▸ **DESCRIPTION OF THE TASK**
Omit the images, then print each record below exactly as it reads.

RECORDS FOR THIS TASK: Begin

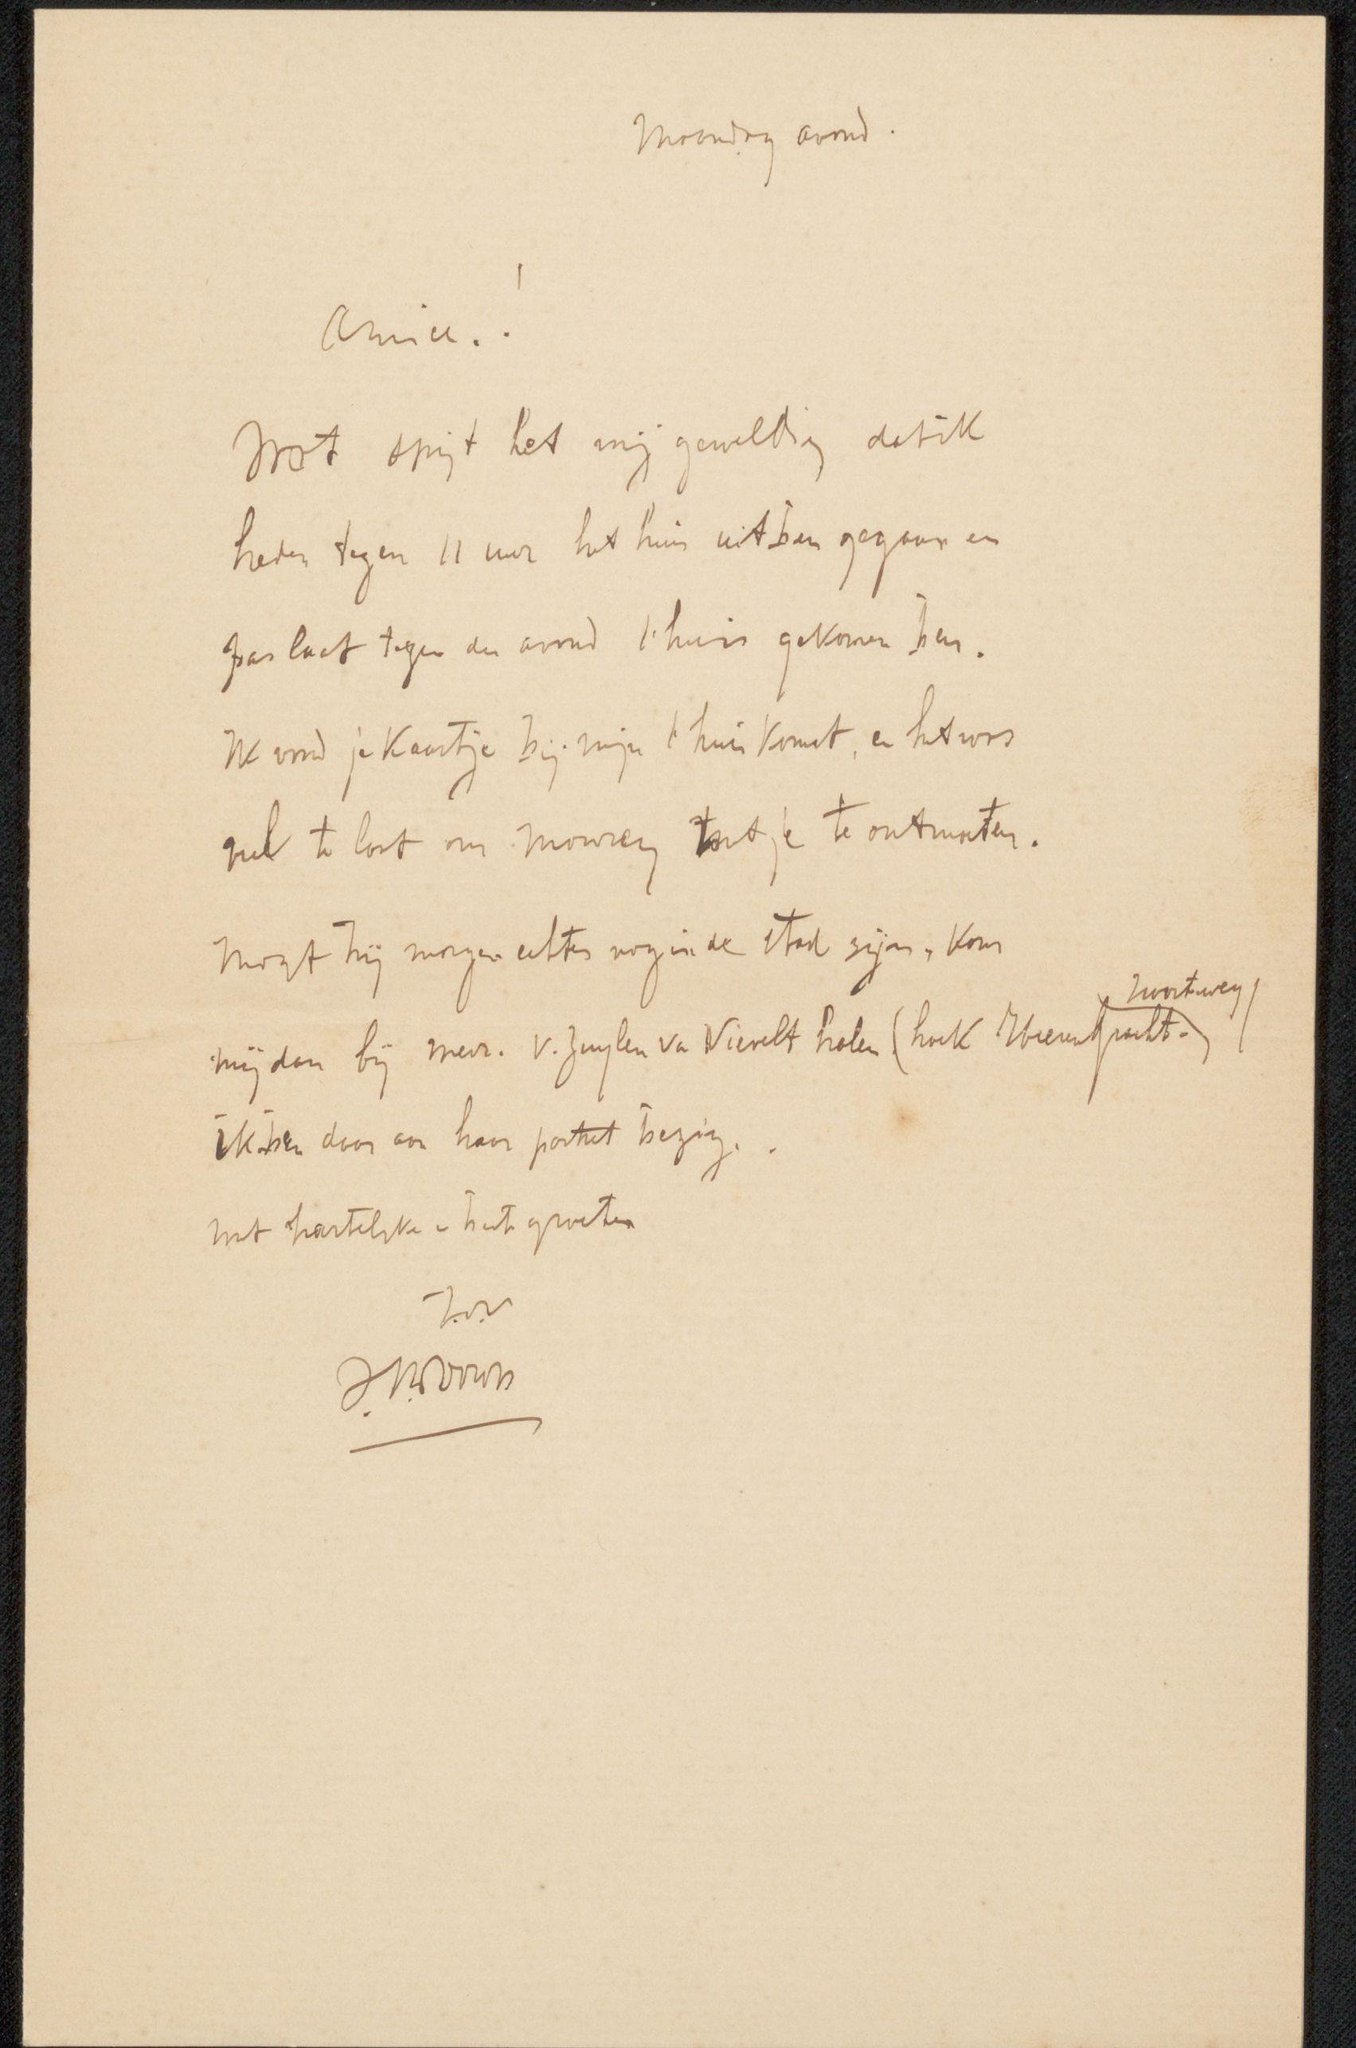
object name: letter
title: Brief aan Philip Zilcken
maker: jan toorop
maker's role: draughtsman, painter, print maker
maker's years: 1858-1928
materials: ink, paper
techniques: pen, writing
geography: the hague
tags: marseille, gabriel mourey, draughtsman, philip zilcken, historical persons (portraits and scenes from the life)
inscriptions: collector's mark: ‘RPK’

RECORDS FOR THIS TASK: End

▸ **ANSWER SPACE**
object name: letter
title: Brief aan Philip Zilcken
maker: jan toorop
maker's role: draughtsman, painter, print maker
maker's years: 1858-1928
materials: ink, paper
techniques: pen, writing
geography: the hague
tags: marseille, gabriel mourey, draughtsman, philip zilcken, historical persons (portraits and scenes from the life)
inscriptions: collector's mark: ‘RPK’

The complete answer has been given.